ドコモがアピールしたい部分は、目立つ色で着色されていた。

 逆にドコモが着色しなかった部分、つまりこれまでと変わらない部分に注目すると、以下のようになります。この着色されなかった部分は、ドコモがあまり割引をしたくない部分であることが予想できます。

着色されなかった部分に注目してみた。「シェアパック10」のユーザーは特に変化が少ないことが分かる。

 ドコモ側はユーザーの詳細な比率などは公表していないものの、「15年以上でシェアパック30」といったヘビーユーザーはあまり多くないとしており、どちらかといえば「シェアパック10」や単身者用のデータパックを使っている人が多数を占めるものと考えられます。

割引額の増え方が興味深い「ずっとドコモ割」

 ドコモの長期割引「ずっとドコモ割」は、あらためて見ていくと、実に興味深いプランになっています。

 普通に考えて、長期割引を導入するならば、2年ごとに割引額を増やすようなプランにするはずです。多くのユーザーは2年ごとにやってくる解約金不要のタイミングでMNPや解約を考えるので、そこを割引で引き留めるのが効果的と考えられます。

 しかしドコモの長期割引は、単純な2年ごとの割引ではありません。最初の割引は契約から「5年」後、その次は3年後の「8年」、その次は2年後の「10年」、最後は5年後の「15年」と、等間隔になっていないのです。

なぜか割引額が増えるタイミングは等間隔ではない。

 つまりドコモは何らかの理由により、等間隔にするよりも緩急を付けていくほうが利益になると考えていることが分かります。たとえば8年と10年の間には2年しか間隔がなく、このあたりで転出を考える人が増えるのかもしれません。一方、10年から15年までは5年の間隔があり、この間はほとんど解約がないのかもしれません。

 今回発表した新プランでは、最初の割引が「5年」から「4年」に1年前倒しされ、ちょうど2回目の更新時に割引が始まるようになりました。これもまた、綿密な計算のもとで決定されたのではないかと想像できます。

フリーコースの魅力が色あせる「2年ごとの3000ポイント」

 今回は、新たに2年ごとに3000ポイント分のdポイントを付与する施策も導入されました。このポイントはフリーコースではもらえないので、「ずっとドコモ割コース」で継続する動機付けになりそうです。

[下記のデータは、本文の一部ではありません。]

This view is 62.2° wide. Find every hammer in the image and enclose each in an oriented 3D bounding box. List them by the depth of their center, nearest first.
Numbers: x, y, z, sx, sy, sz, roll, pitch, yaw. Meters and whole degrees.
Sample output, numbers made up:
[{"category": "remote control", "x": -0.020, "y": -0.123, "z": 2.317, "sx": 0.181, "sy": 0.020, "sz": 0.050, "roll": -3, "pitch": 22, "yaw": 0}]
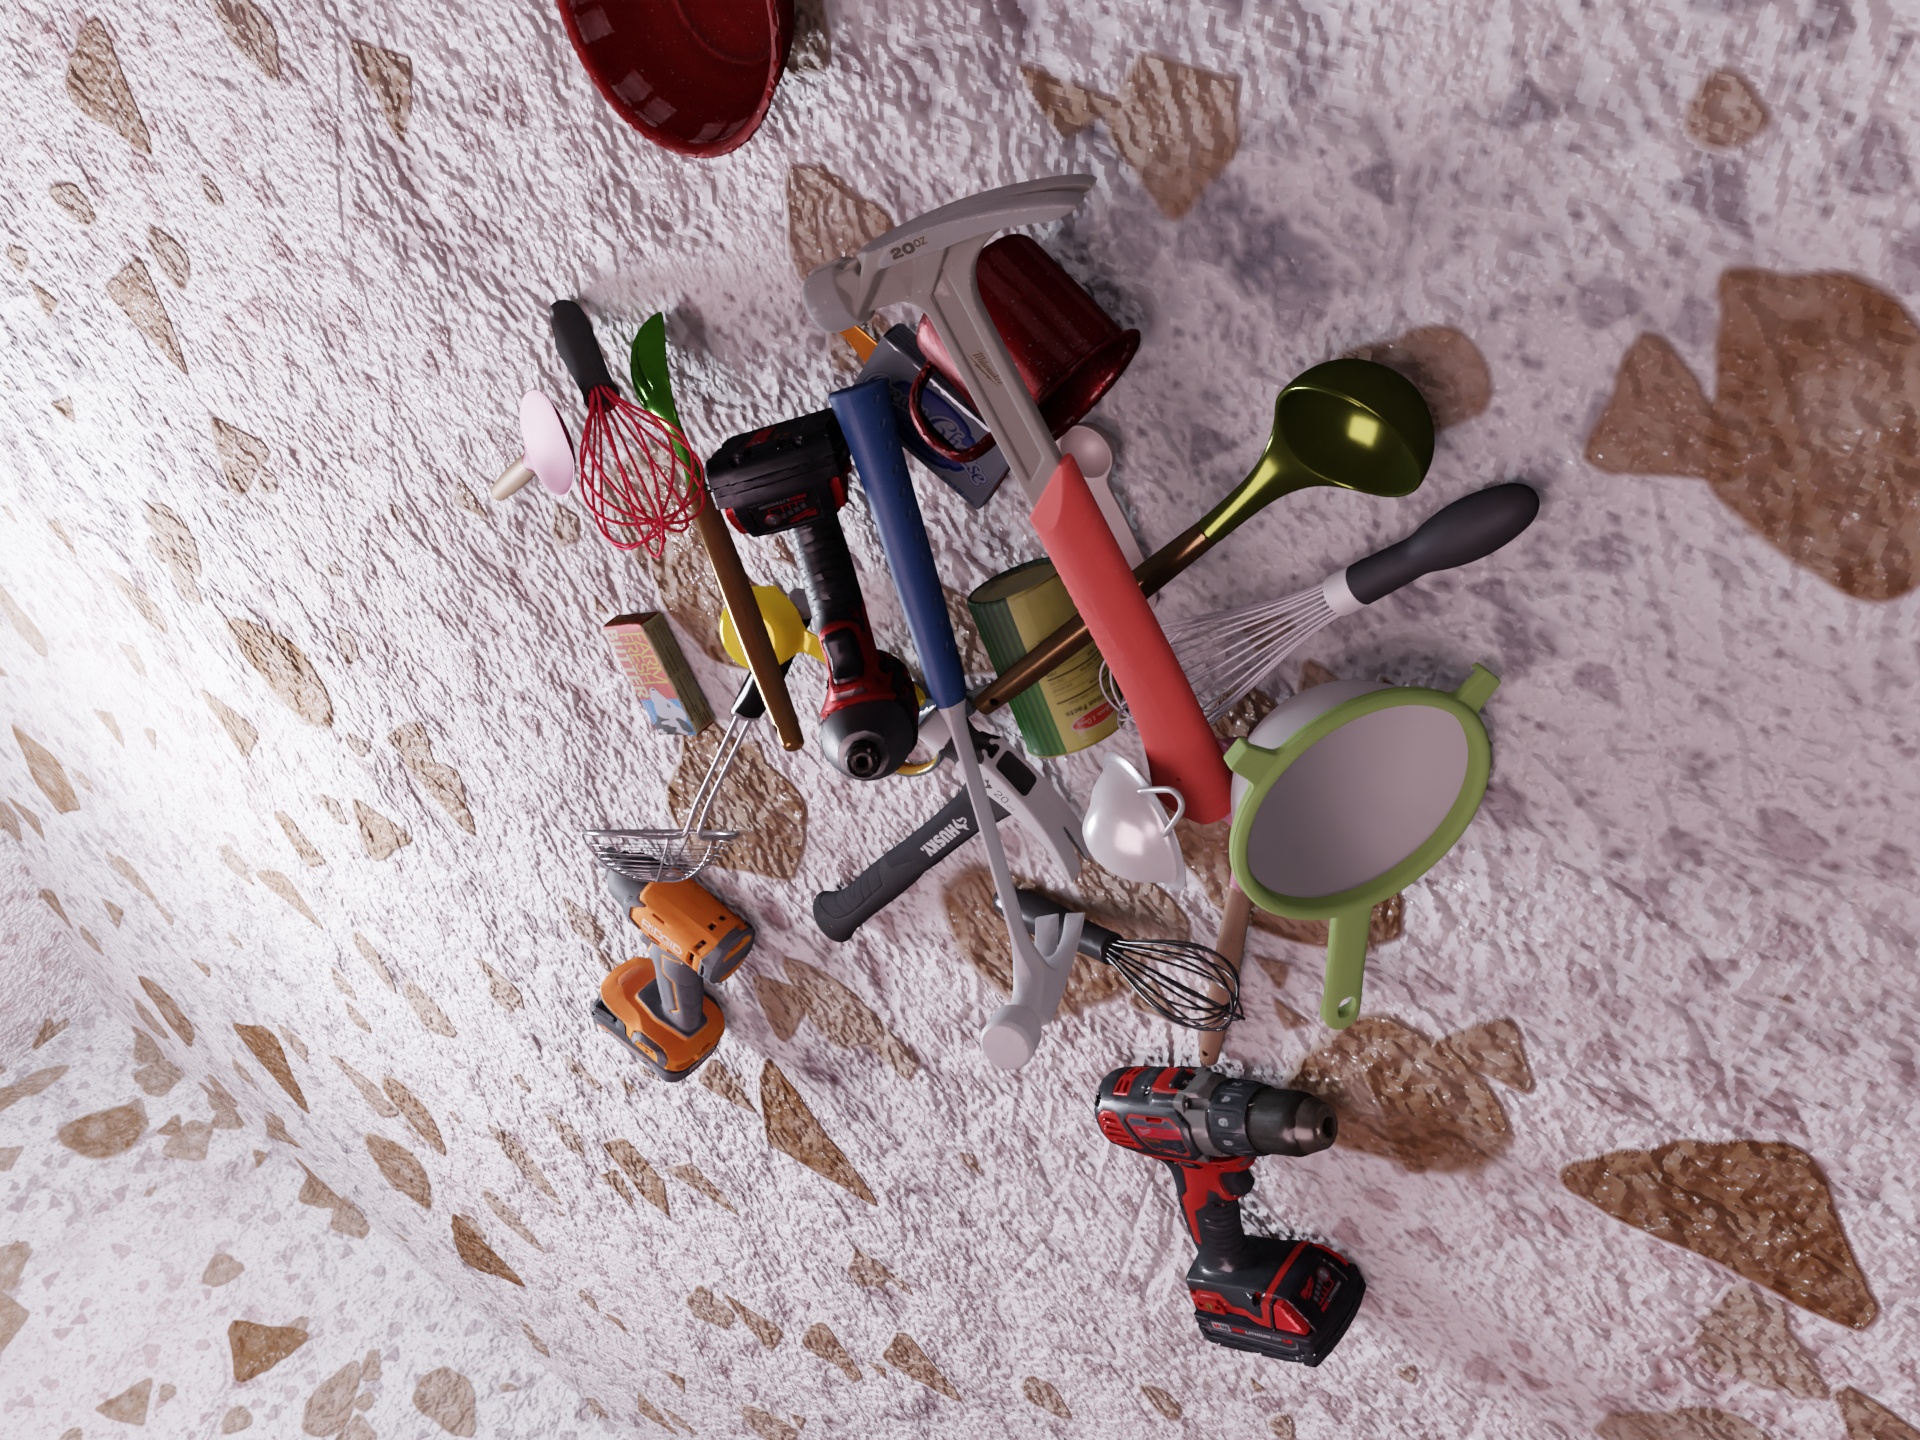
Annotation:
[{"category": "hammer", "x": 0.068, "y": -0.088, "z": 0.785, "sx": 0.149, "sy": 0.037, "sz": 0.358, "roll": -9, "pitch": 127, "yaw": 34}, {"category": "hammer", "x": -0.002, "y": -0.003, "z": 0.953, "sx": 0.035, "sy": 0.144, "sz": 0.405, "roll": -9, "pitch": 107, "yaw": 23}, {"category": "hammer", "x": -0.029, "y": 0.103, "z": 1.169, "sx": 0.146, "sy": 0.035, "sz": 0.334, "roll": 41, "pitch": 144, "yaw": -4}]

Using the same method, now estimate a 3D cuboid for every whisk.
[{"category": "whisk", "x": 0.177, "y": -0.056, "z": 0.832, "sx": 0.284, "sy": 0.070, "sz": 0.070, "roll": -30, "pitch": 100, "yaw": 46}, {"category": "whisk", "x": -0.218, "y": -0.193, "z": 0.987, "sx": 0.296, "sy": 0.073, "sz": 0.073, "roll": -122, "pitch": 23, "yaw": -45}, {"category": "whisk", "x": 0.099, "y": 0.153, "z": 1.068, "sx": 0.239, "sy": 0.055, "sz": 0.055, "roll": 18, "pitch": 135, "yaw": 50}]

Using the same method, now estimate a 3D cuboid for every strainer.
[{"category": "strainer", "x": 0.205, "y": 0.069, "z": 0.881, "sx": 0.069, "sy": 0.151, "sz": 0.256, "roll": -119, "pitch": 16, "yaw": -47}, {"category": "strainer", "x": 0.093, "y": 0.070, "z": 0.945, "sx": 0.087, "sy": 0.050, "sz": 0.258, "roll": 62, "pitch": 176, "yaw": 8}]

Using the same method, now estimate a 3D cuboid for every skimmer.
[{"category": "skimmer", "x": -0.193, "y": 0.011, "z": 1.229, "sx": 0.363, "sy": 0.127, "sz": 0.090, "roll": -58, "pitch": 41, "yaw": 39}]

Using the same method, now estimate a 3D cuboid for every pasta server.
[{"category": "pasta server", "x": 0.170, "y": 0.125, "z": 1.007, "sx": 0.060, "sy": 0.040, "sz": 0.316, "roll": 35, "pitch": 142, "yaw": 31}]

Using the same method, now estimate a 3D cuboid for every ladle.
[{"category": "ladle", "x": 0.108, "y": -0.077, "z": 0.824, "sx": 0.078, "sy": 0.062, "sz": 0.320, "roll": 40, "pitch": 130, "yaw": -15}]

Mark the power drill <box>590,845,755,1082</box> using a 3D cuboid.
[{"category": "power drill", "x": -0.281, "y": 0.220, "z": 1.480, "sx": 0.164, "sy": 0.084, "sz": 0.226, "roll": 36, "pitch": 136, "yaw": 15}]

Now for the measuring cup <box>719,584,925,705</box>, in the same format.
[{"category": "measuring cup", "x": -0.096, "y": -0.041, "z": 1.079, "sx": 0.156, "sy": 0.029, "sz": 0.062, "roll": 26, "pitch": 123, "yaw": 16}]

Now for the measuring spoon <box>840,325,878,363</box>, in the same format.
[{"category": "measuring spoon", "x": -0.038, "y": -0.206, "z": 0.939, "sx": 0.117, "sy": 0.011, "sz": 0.021, "roll": 45, "pitch": 134, "yaw": -2}]

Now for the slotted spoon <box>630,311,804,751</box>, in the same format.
[{"category": "slotted spoon", "x": -0.154, "y": -0.121, "z": 0.986, "sx": 0.070, "sy": 0.031, "sz": 0.314, "roll": 115, "pitch": 136, "yaw": -62}]

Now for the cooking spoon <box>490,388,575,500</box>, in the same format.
[{"category": "cooking spoon", "x": -0.304, "y": -0.179, "z": 1.117, "sx": 0.319, "sy": 0.017, "sz": 0.068, "roll": 2, "pitch": 113, "yaw": 67}]

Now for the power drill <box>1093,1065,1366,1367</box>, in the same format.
[{"category": "power drill", "x": 0.210, "y": 0.344, "z": 1.132, "sx": 0.188, "sy": 0.080, "sz": 0.226, "roll": -8, "pitch": 113, "yaw": 46}]

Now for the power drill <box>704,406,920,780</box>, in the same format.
[{"category": "power drill", "x": -0.080, "y": -0.070, "z": 0.972, "sx": 0.078, "sy": 0.143, "sz": 0.219, "roll": -15, "pitch": 108, "yaw": 6}]

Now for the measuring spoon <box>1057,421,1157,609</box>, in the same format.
[{"category": "measuring spoon", "x": 0.089, "y": -0.116, "z": 0.897, "sx": 0.034, "sy": 0.018, "sz": 0.124, "roll": 2, "pitch": 131, "yaw": 40}]

「ずっとドコモ割」継続で、2年ごとに3000ポイントを獲得できる。

ただし期間や用途が限定されているなどの条件がある、特殊なdポイントだ。

 他キャリアの場合、MNPの手続きのために電話をしたところ「ポイント付与と引き替えにMNPをやめるよう説得された」という話をよく聞きます。ドコモの3000ポイントは、この引き留めポイントを一律に制度化したような印象を受けます。

 これを単純に「1ポイント=1円」と考えれば、4年目には6000ポイント、6年目には9000ポイントを、累計で得られることになります。フリーコースの特徴であるはずの「9500円の解約金が不要」というメリットは、徐々に薄れていくことになります。

 ドコモは更新期限の前にメールで通知するなど、ユーザーに「選べる自由」があると主張するものの、「確実にドコモを解約する」と決意した人でもない限り、フリーコースを選ぶことはないでしょう。なにも意思表示をしなければドコモ割コースが継続されることもあり、ドコモはフリーコースを選ぶ人の割合が全体の1~2割にとどまるものと見積もっています。

 このようにドコモの新プランは、フリーコースの新設や長期割引の強化によりユーザーや総務省の要求に応えつつも、肝心のドコモの利益はしっかり守るという、計算され尽くしたものであることがわかります。

【15:00】画像の順番が一部入れ替わっておりました。お詫びして訂正いたします。